Wednesday, July 06, 2011

Nalwa v. Cedar Fair (Cal. Ct. App. - June 10, 2011)

Sometimes I agree with neither the majority nor the dissent.  This time I agree with both.

With respect to the former, I agree with Justice Rushing that the primary assumption of the risk doctrine doesn't apply to bumper cars in an amusement park.  That doctrine principally applies to sports activities.  It's not applicable to bumper cars.  It goes too far to try to extend it there.  The California Court of Appeal shouldn't do so.

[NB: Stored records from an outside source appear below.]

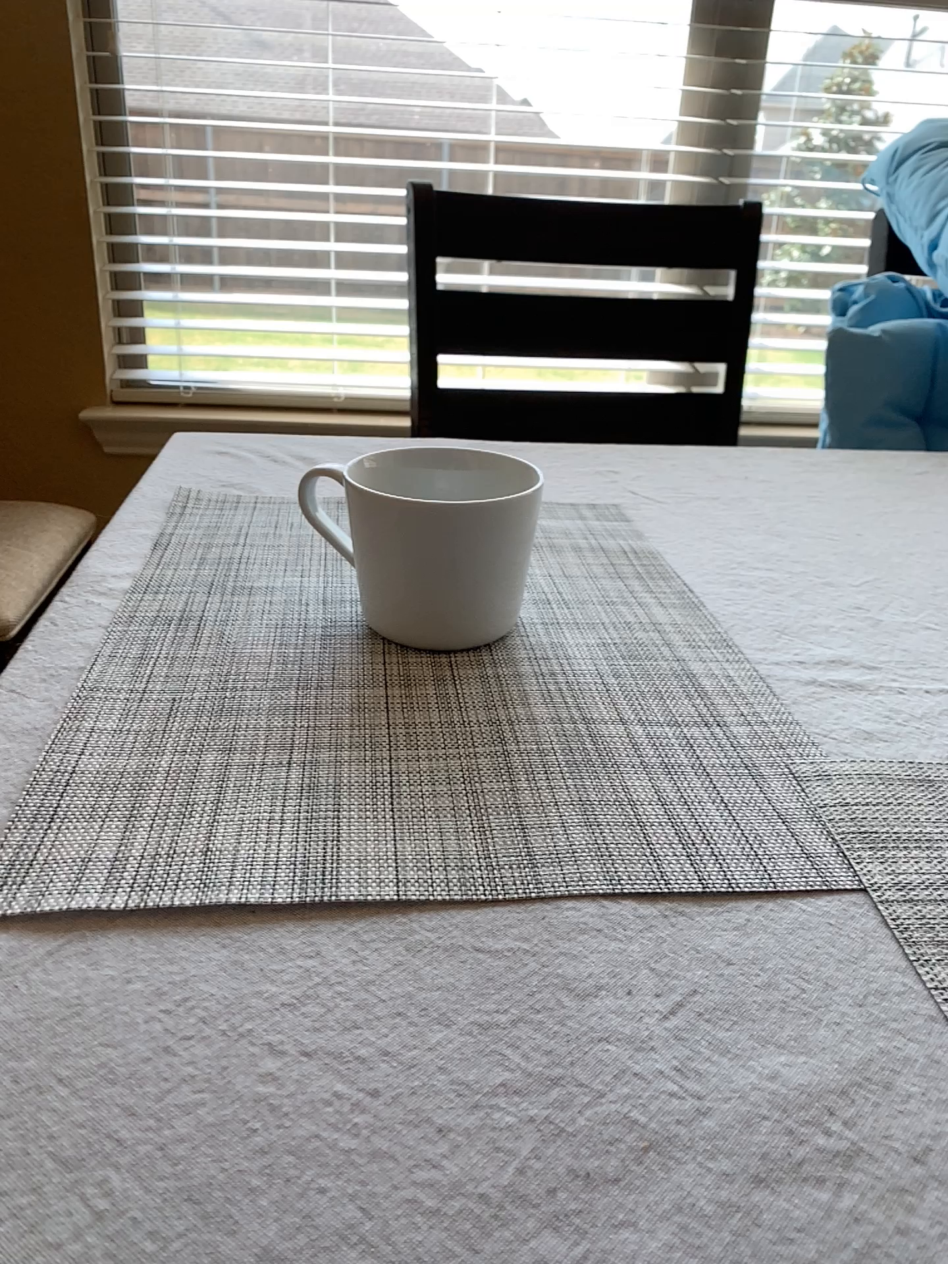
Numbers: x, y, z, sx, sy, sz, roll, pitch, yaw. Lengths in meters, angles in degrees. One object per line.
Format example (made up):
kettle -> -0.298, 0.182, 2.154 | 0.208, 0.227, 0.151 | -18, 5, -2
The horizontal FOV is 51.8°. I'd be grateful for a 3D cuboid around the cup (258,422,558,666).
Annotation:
cup -> -0.031, -0.051, 0.505 | 0.121, 0.081, 0.100 | 11, 25, 16

With respect to the latter, however, I agree with Justice Duffy that it seems a bit crazy to let someone sue for injuring their hand on a bumper car because they were smashed.  That's the whole point.  There's smashing.  Sure, you could make it safer.  You could make the cars go one way.  You could put bigger bumpers on them.  You could include airbags.  You should stop them from bumping.  But when plaintiff got in the car, it was clear these were just regular old bumper cars.  I don't think they should be permitted to sue.

Whether one accomplishes this result through a negligence analysis or assumption of the risk or primary assumption of the risk, I concede, is unclear to me.  I don't think it should be the last of these.  But I also think I know the proper result.  And liability -- or even a trial -- isn't it.